While he understands and is intrigued by the science of brewing, it is the creative aspect, the craft, that drives him. And it runs in the family. His brother is a chef and his mother, a librarian, caters on the side. He likens his role as brewer to a baker, and he is working to link the food at Offshore with the beer. Before Halloween, Mr. Cleinman will unveil his second original beer at the brewery, a pumpkin ale. “He was looking for ways to tie the restaurant and the brewery and thought to use the wood fire to roast pumpkins for the beer,” said Offshore owner Phillip McAndrews. “It can be as much a craft or a science as you want,” Mr. Cleinman said of brewing. “Here, it’s largely a craft. It’s based on feel or look.”

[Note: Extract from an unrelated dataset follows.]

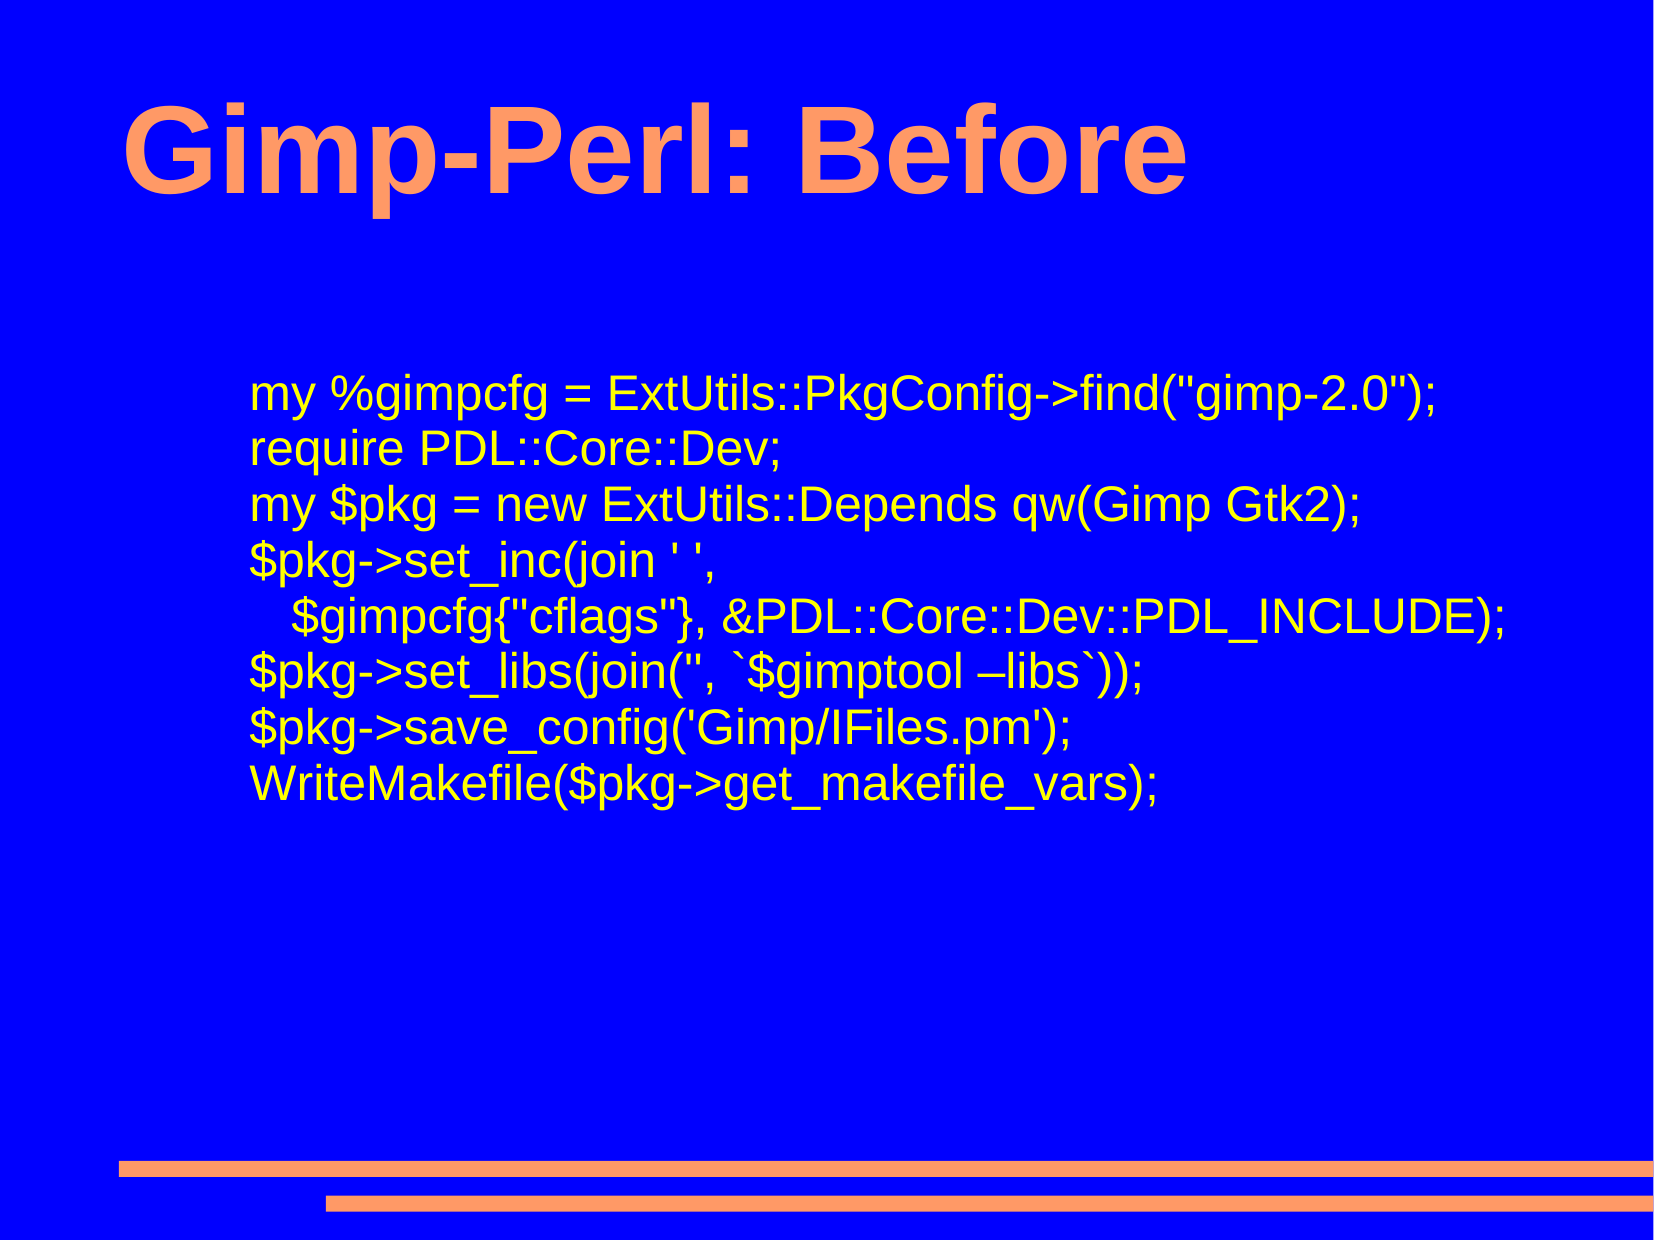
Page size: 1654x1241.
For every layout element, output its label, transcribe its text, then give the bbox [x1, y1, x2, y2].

list my %gimpcfg = ExtUtils::PkgConfig->find("gimp-2.0"); require PDL::Core::Dev; my $pkg = new ExtUtils::Depends qw(Gimp Gtk2); $pkg->set_inc(join ' ', $gimpcfg{"cflags"}, &PDL::Core::Dev::PDL_INCLUDE); $pkg->set_libs(join('', `$gimptool –libs`)); $pkg->save_config('Gimp/IFiles.pm'); WriteMakefile($pkg->get_makefile_vars); [178, 364, 1570, 1147]
title Gimp-Perl: Before [121, 46, 1534, 254]
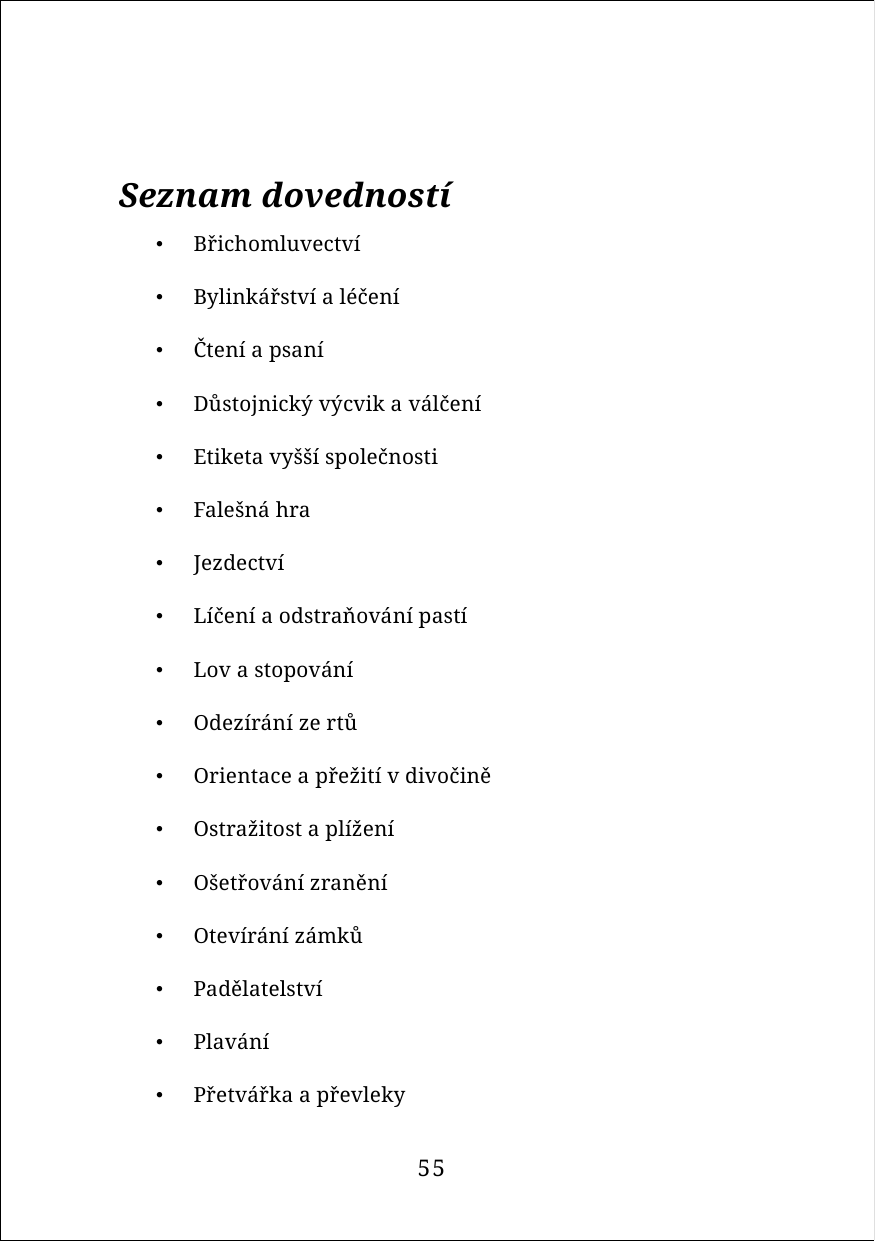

After graduation, Mr. Cleinman applied for a newly created assistant brewer position at Offshore. He had been to Martha’s Vineyard twice before, once for a two-day trip and the second time for his three-hour interview at the ale house. He was hired and began in June. Two months into his stint, the head brewer left to start his own brewery. Rather than bring in someone new, Mr. McAndrews offered the job to Mr. Cleinman. “We noticed the talent right away in him,” Mr. McAndrews said. “He clearly understands brewing; he has a brewer’s touch.”
Rather than stress about taking over a brewery only one year after his 21st birthday, Mr. Cleinman, when offered the job, worried he would get stuck making the same beers day in and day out. “He was worried he’d be pigeon-holed,” Mr. McAndrews said. “We have a core of about six beers we have to make because that’s what people expect, but other than that, he’s got free rein. I’m excited to see what he comes out with.”
Taking advantage, Mr. Cleinman debuted an original Octoberfest last month he named Novemberfest. “It’s a simple, good, approachable beer,” he said. Next comes the pumpkin ale, and then this Belgian ale, a total of three original beers in three months. “It’s a learning process,” he said as he peered through the steam into the hot liquor tank.
At 213 degrees, the boiling liquid on its way to becoming beer steamed and bubbled and frothed inside, threatening to spill over and down the sides. Each time, Mr. Cleinman turned on a hose and sprayed back the brew. “Hey, if you trust me to be up here and not burn myself, you can come up and see it,” he shouted down.